### WORK INSTRUCTIONS:
Each line from the one with "Given: Click on" through the end of the records below should be transcribed exactly, and each picture should be skipped.

### DATA TO PROCESS:
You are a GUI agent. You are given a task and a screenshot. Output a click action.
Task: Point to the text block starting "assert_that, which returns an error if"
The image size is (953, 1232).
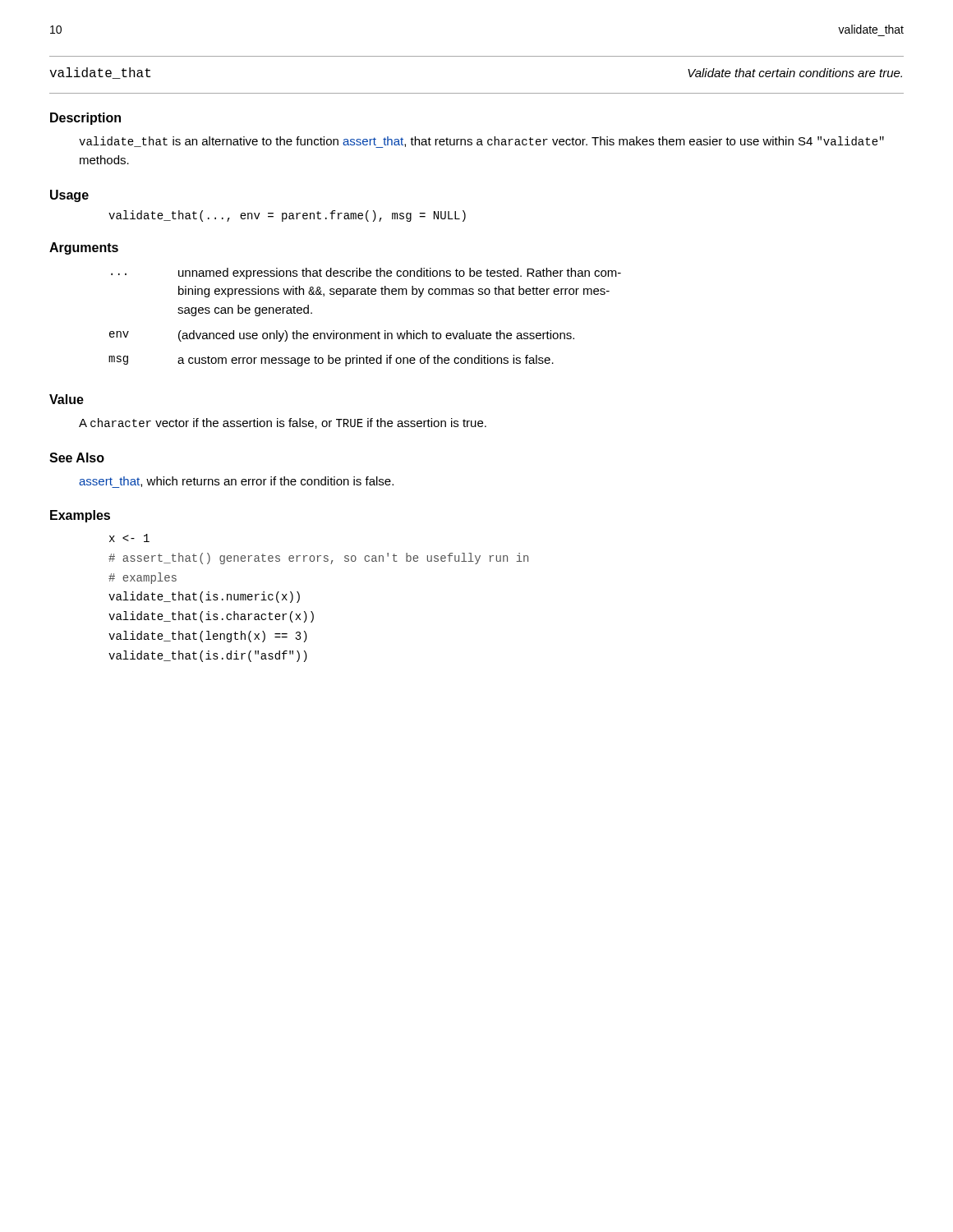237,480
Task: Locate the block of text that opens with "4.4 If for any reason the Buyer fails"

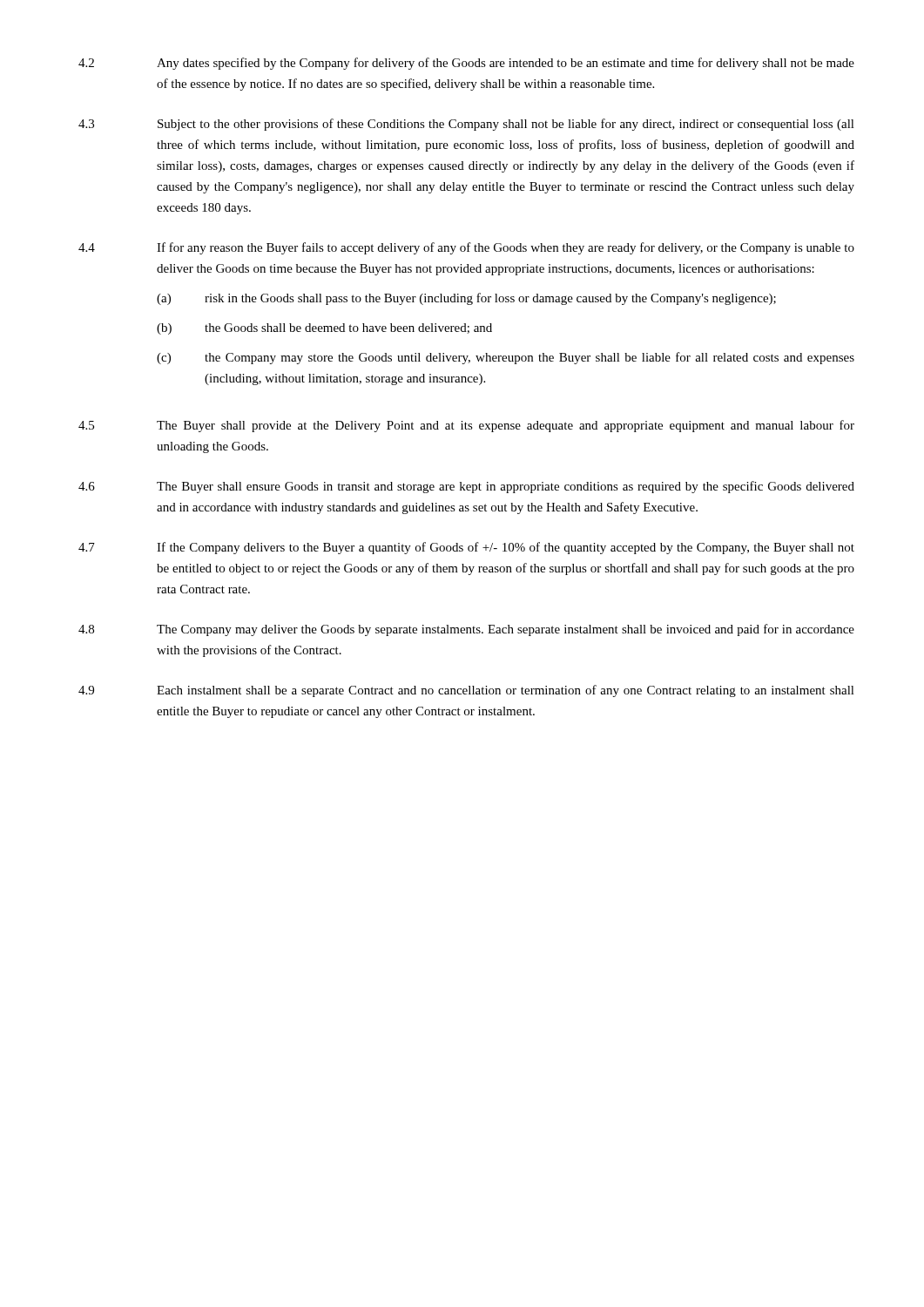Action: click(466, 316)
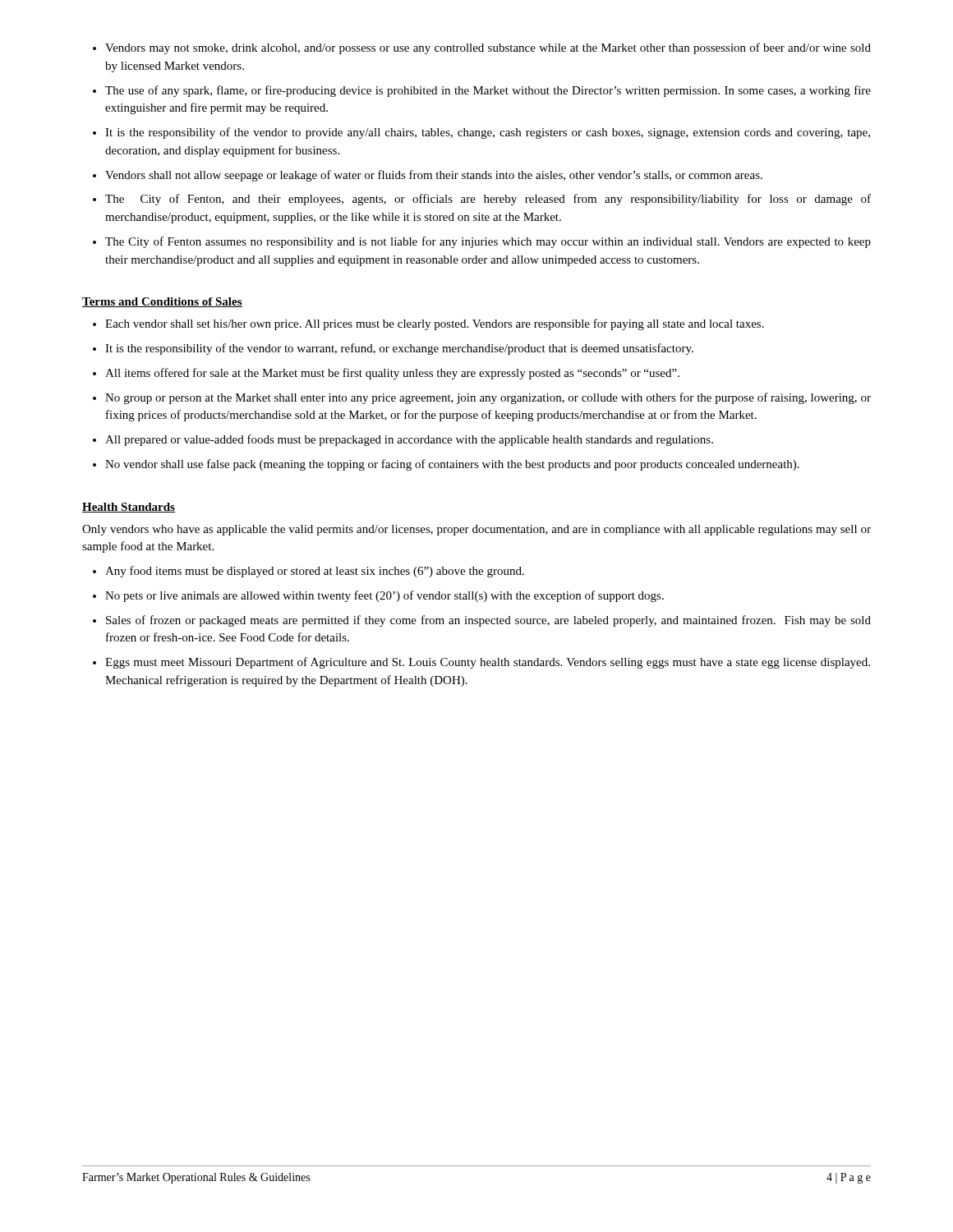
Task: Click on the region starting "All items offered"
Action: click(x=488, y=373)
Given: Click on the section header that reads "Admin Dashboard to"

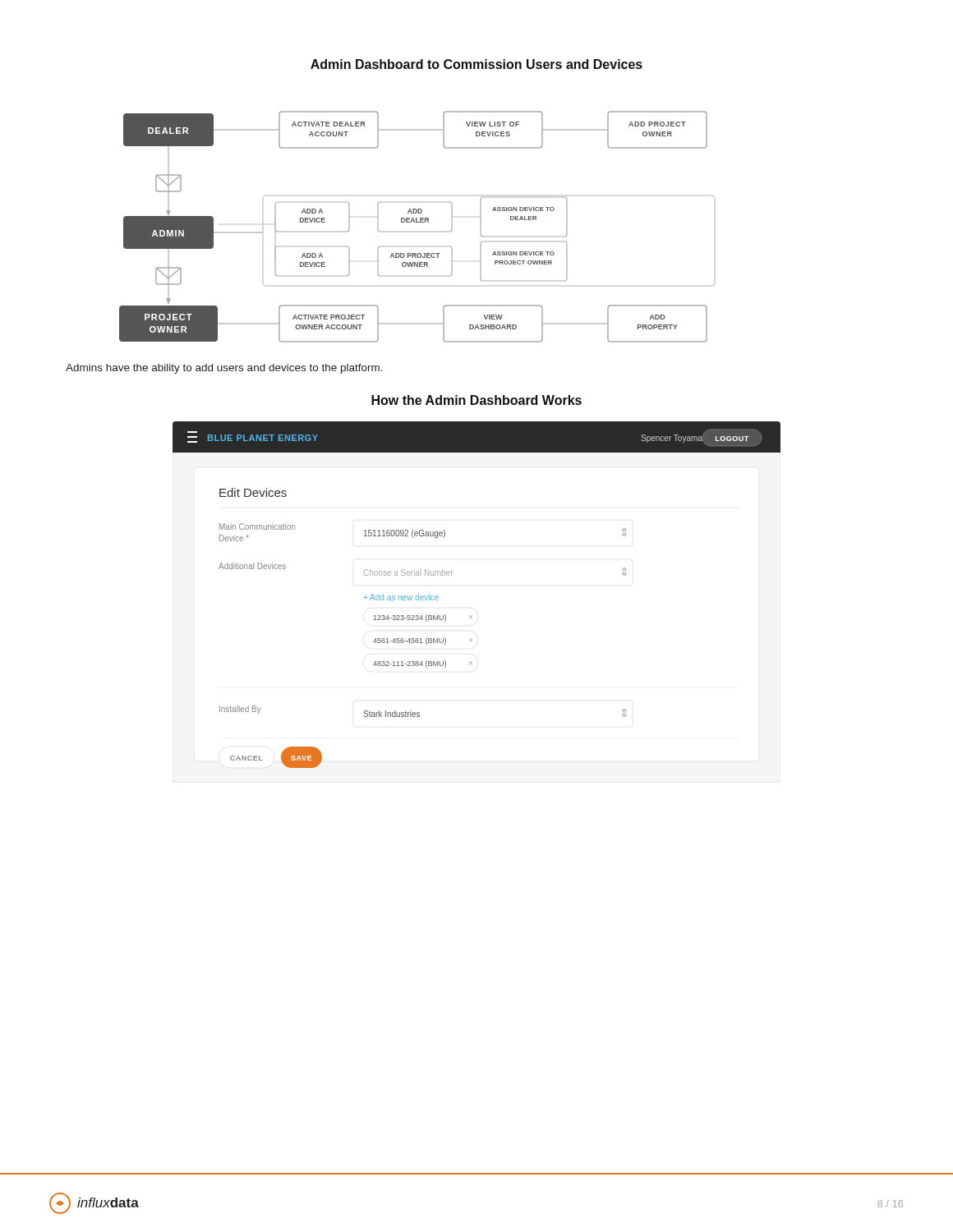Looking at the screenshot, I should click(x=476, y=64).
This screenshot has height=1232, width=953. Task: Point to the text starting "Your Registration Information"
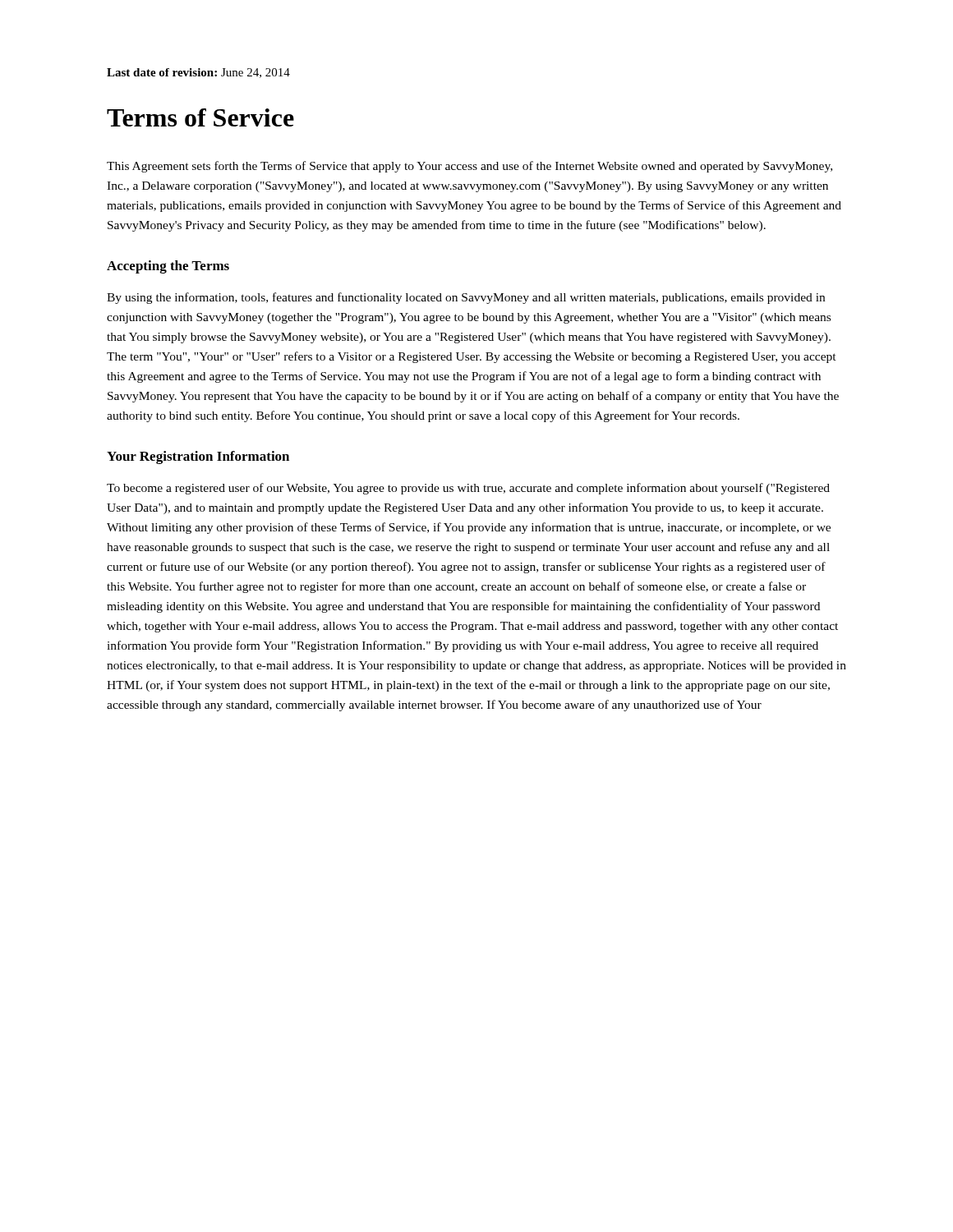click(x=198, y=456)
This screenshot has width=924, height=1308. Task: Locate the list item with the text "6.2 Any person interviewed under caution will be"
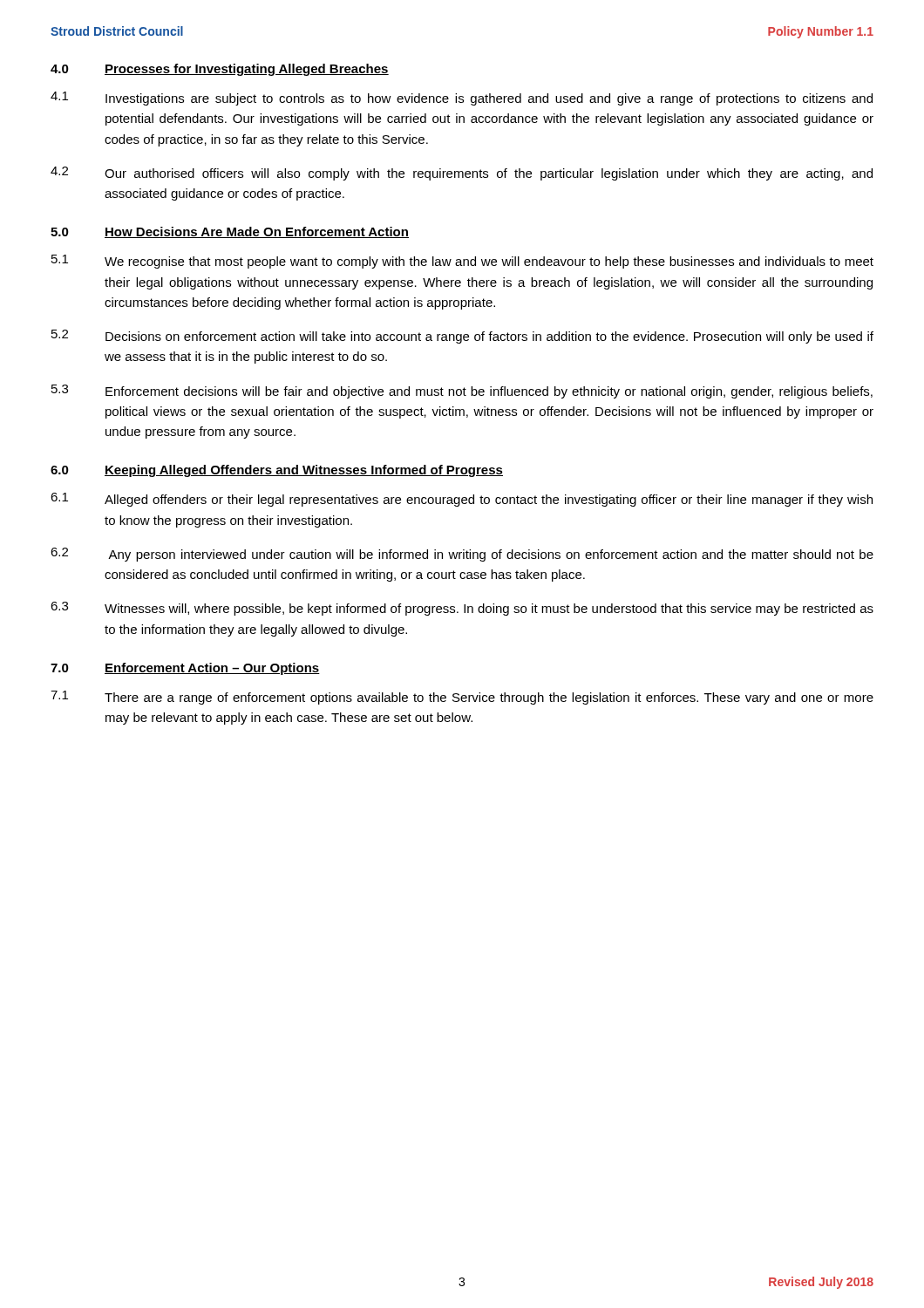[462, 564]
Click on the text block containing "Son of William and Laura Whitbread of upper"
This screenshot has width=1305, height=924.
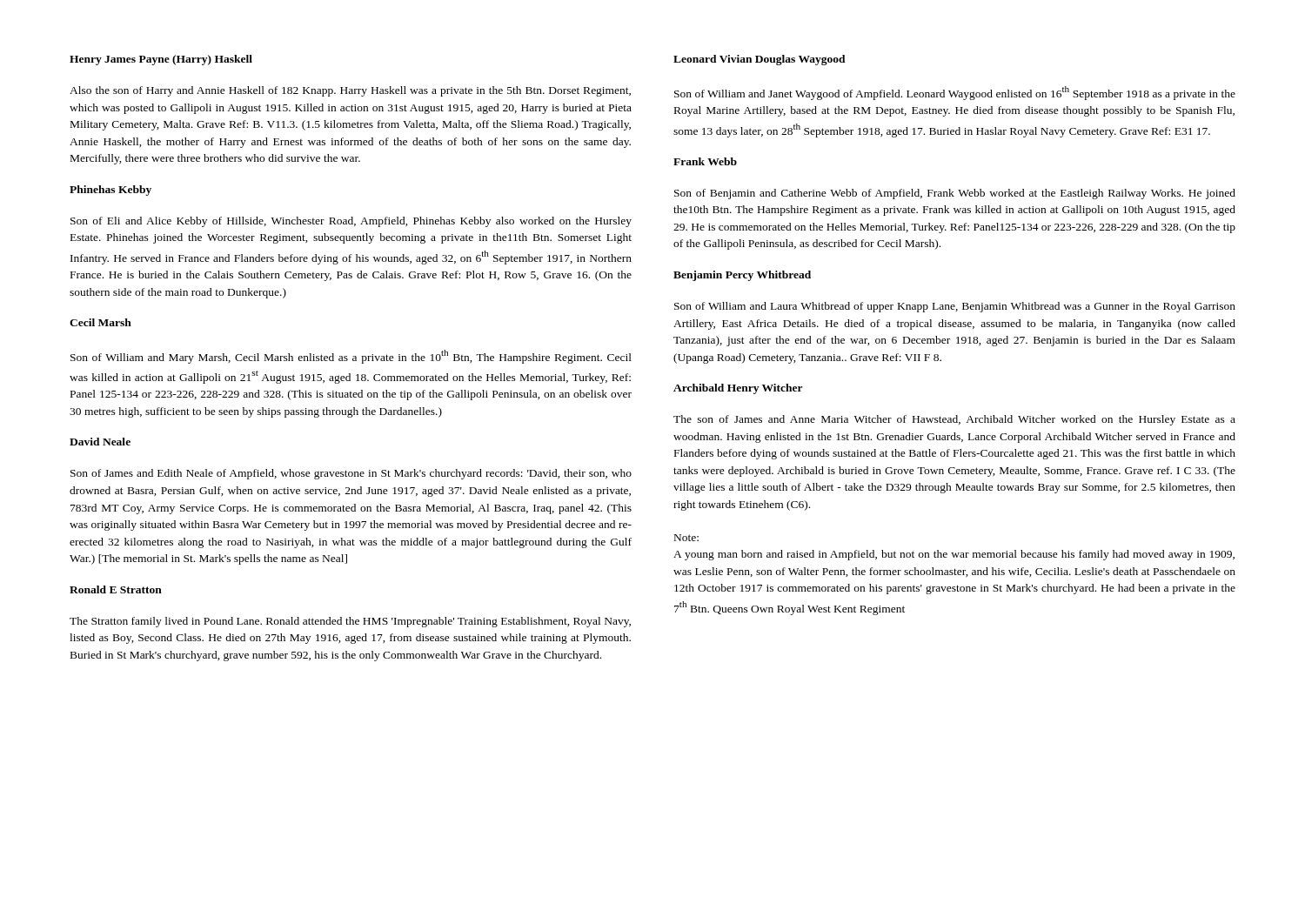954,332

### SOLUTION TO THIS TASK:
Given: Click on the section header that reads "Admin Dashboard to"

Looking at the screenshot, I should click(x=476, y=64).
This screenshot has height=1232, width=953. Task: Point to the text starting "Your Registration Information"
click(x=198, y=456)
This screenshot has width=924, height=1308. Task: Locate the list item with the text "6.2 Any person interviewed under caution will be"
[462, 564]
Click on the text block containing "Son of William and Laura Whitbread of upper"
This screenshot has width=1305, height=924.
954,332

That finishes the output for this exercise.